About 3-4 times a week one of my two 12hr tasks that acts as an ETL from an API endpoint to a Snowflake DB fails and I can't figure out exactly why.
The Cron Task Mananger says it last ran at 6:29am this morning but in retrieving the logs there's only one line which says:
This request caused a new process to be started for your application, and thus caused your application code to be loaded for the first time. This request may thus take longer and use more CPU than a typical request for your application.
I'm not sure if I need a warm-up, allocate specific workers, etc. because the log of the one-line error is so uninformative to me. I'm using a pretty sizable instance class I was hoping could handle most the workload.

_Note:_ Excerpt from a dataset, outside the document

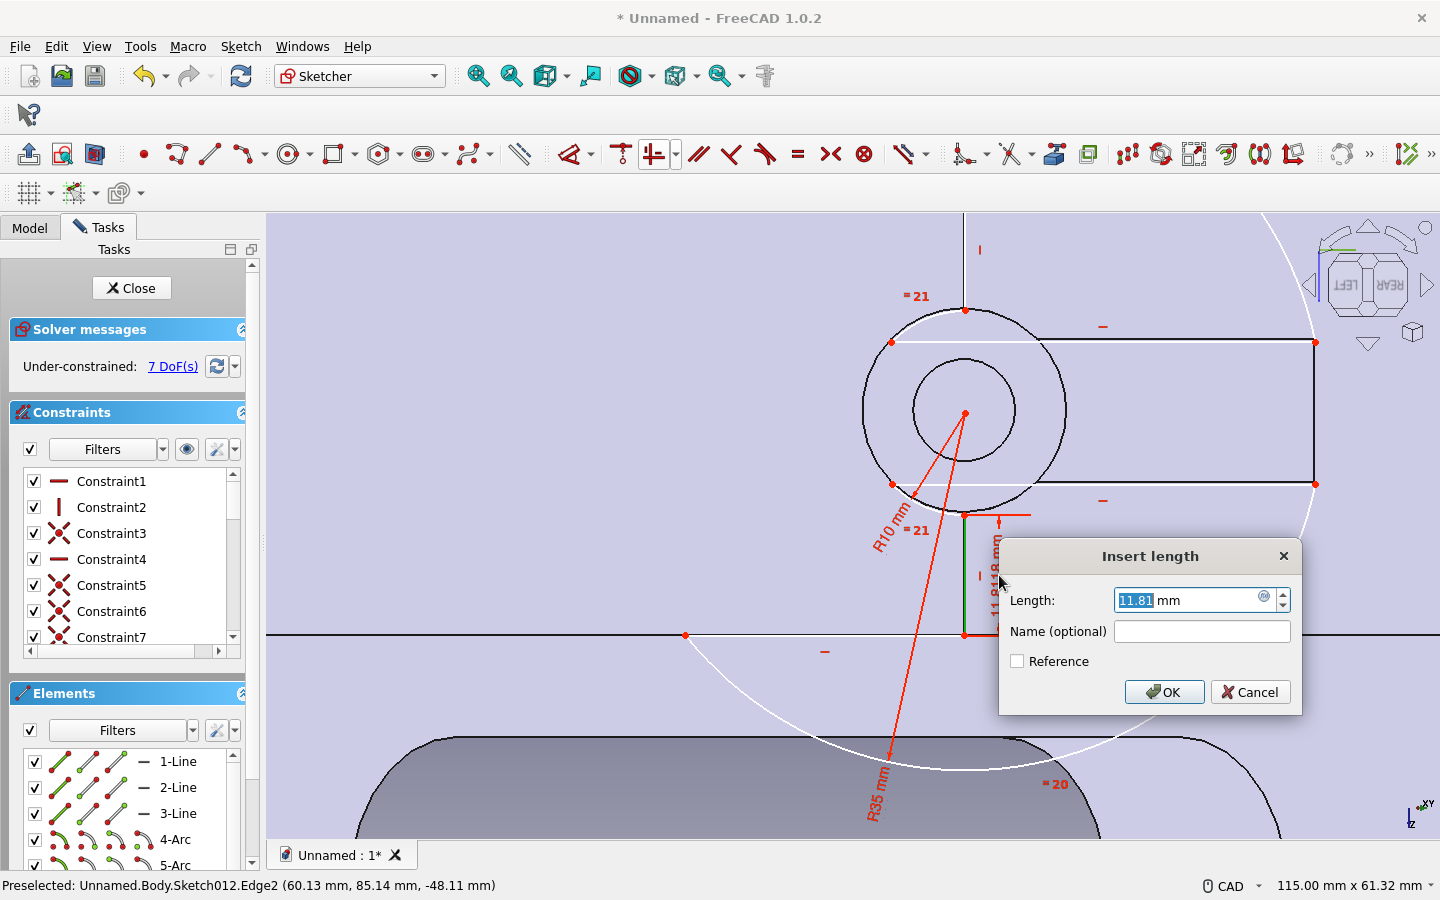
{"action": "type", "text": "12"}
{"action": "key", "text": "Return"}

Here is what the logs of a successful run look like:
https://github.com/markamcgown/GF/blob/main/downloaded-logs-success2.csv
And the failure:
https://github.com/markamcgown/GF/blob/main/downloaded-logs-20210104-074656.csv
App.yaml:
service: vetdata-loader
runtime: python38
instance_class: F4_1G
handlers:
- url: /task/loader
script: auto
Updated, here is my most recent app.yaml that's failing less now but still sometimes:
service: vetdata-loader
runtime: python38
instance_class: B4_1G
handlers:
- url: /task/loader
script: auto
basic_scaling:
max_instances: 11
idle_timeout: 30m
I think you don't use the correct instance class. If you have a look here about the timeouts and the task call you are limited to 10 minutes call for automatic scaling, and up to 24h with basic and manual scaling.
If I take your instance_class
, the FXXX type is suitable for automatic scaling. Use a B4_1G
instance class instead and check if you still have these issues. You should not.